Cross-Product Creative Challenge #11: PSA Posters from an Alternate Timeline
Welcome to a new Cross-Product Creative Challenge! Thanks to everyone who participated in the temporal mash-up. This time, we're messing with history again, this time with a civic or propaganda poster from an impossible timeline.
The Challenge:
Design a civic poster—propaganda, safety warnings, or recruitment ads—for a world that runs by different rules. Maybe it's a world where air is a subscription service, or where silence is the local currency. Maybe it's
- “Join the Venus Terraforming Corps – 1939”
- “Steam Rail to the Moon – Great Western Aether Lines”
- “Vote for the AI Party – 1968”
Go crazy. Start in Firefly or Boards or Express or Photoshop, but use at least two different tools to get to your final product.
Guidelines:
- A prompt is not enough. Layer your assets and refine your composition. Treat Firefly as a collaborator, not a shortcut. Use prompts to generate characters. Try out partner models.
- Think like a director. What’s the story here? Who are the characters? What's happening in the scene?
- It’s a Cross-Product Challenge! Don't do it all in Firefly. Use Photoshop, Illustrator, Substance, Adobe Express, Fresco—whatever tools will help you build the scene.

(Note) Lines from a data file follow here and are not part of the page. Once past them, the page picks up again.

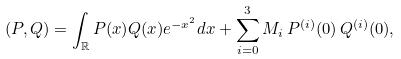<formula> <loc_0><loc_0><loc_500><loc_500>( P , Q ) = \int _ { \mathbb { R } } P ( x ) Q ( x ) e ^ { - x ^ { 2 } } d x + \sum _ { i = 0 } ^ { 3 } M _ { i } \, P ^ { ( i ) } ( 0 ) \, Q ^ { ( i ) } ( 0 ) ,</formula> 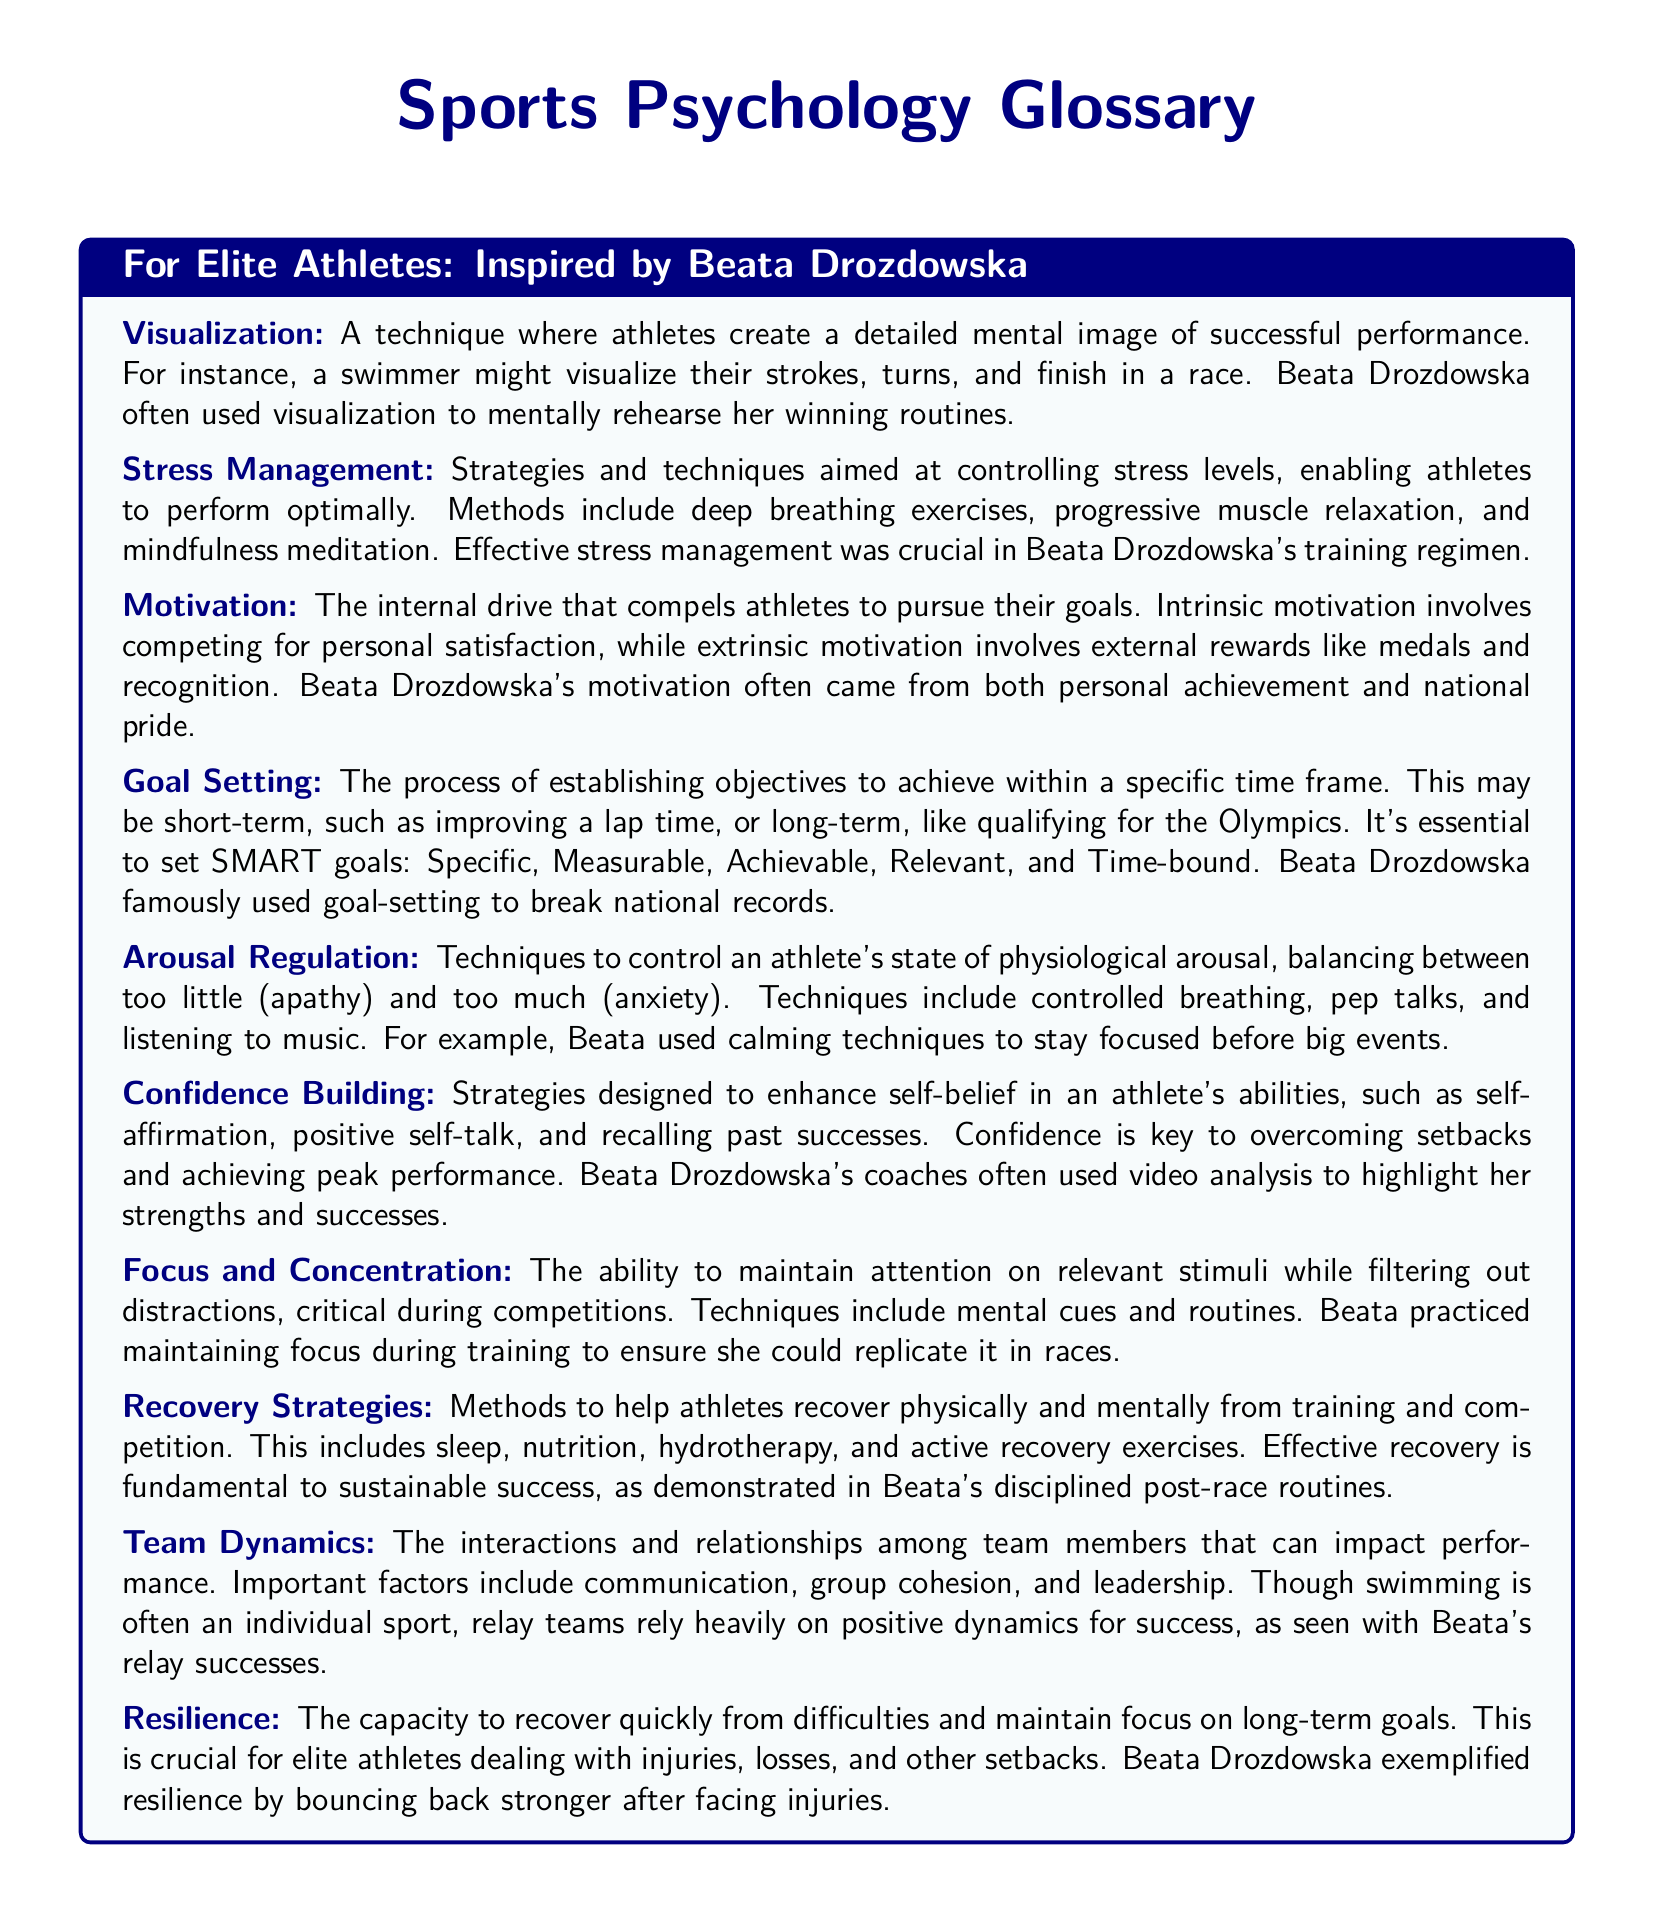what technique did Beata Drozdowska often use for mental rehearsal? The document states that Beata Drozdowska often used visualization to mentally rehearse her winning routines.
Answer: visualization what are the short-term and long-term goals in sports psychology? The document explains that short-term goals may include improving a lap time, while long-term goals could be qualifying for the Olympics.
Answer: improving a lap time; qualifying for the Olympics which strategy helps athletes control their stress levels? The document mentions that strategies for controlling stress levels include deep breathing exercises, progressive muscle relaxation, and mindfulness meditation.
Answer: deep breathing exercises what is a key aspect of team dynamics in sports? The document identifies communication, group cohesion, and leadership as important factors in team dynamics that impact performance.
Answer: communication how does Beata Drozdowska exemplify resilience? The document notes that Beata Drozdowska exemplified resilience by bouncing back stronger after facing injuries.
Answer: bouncing back stronger after facing injuries what does the acronym SMART in goal setting stand for? The document describes that SMART goals are Specific, Measurable, Achievable, Relevant, and Time-bound.
Answer: Specific, Measurable, Achievable, Relevant, Time-bound which technique is used to enhance self-belief in athletes? The document lists self-affirmation, positive self-talk, and recalling past successes as strategies for confidence building.
Answer: positive self-talk what strategy is crucial for athletes during competitions? The document states that focus and concentration are critical for maintaining attention on relevant stimuli during competitions.
Answer: focus and concentration

- Share your process. Tell us how you created it. What tools did you use? How did you refine your idea? What choices did you make?
My example is a PSA from the U.S. government Department of Gravity.

The base is a typical 1950s American family scene generated with Nano Banana. The tie-downs and safety harnesses are Generative Fill using Firefly 3, adjusted and composited in Photoshop. The departmental logo was generated in Adobe Illustrator using the Gemini partner model. Because this is a thinly veiled threat, I generated a hapless golfer who didn't pay his license fee. Text added in Photoshop.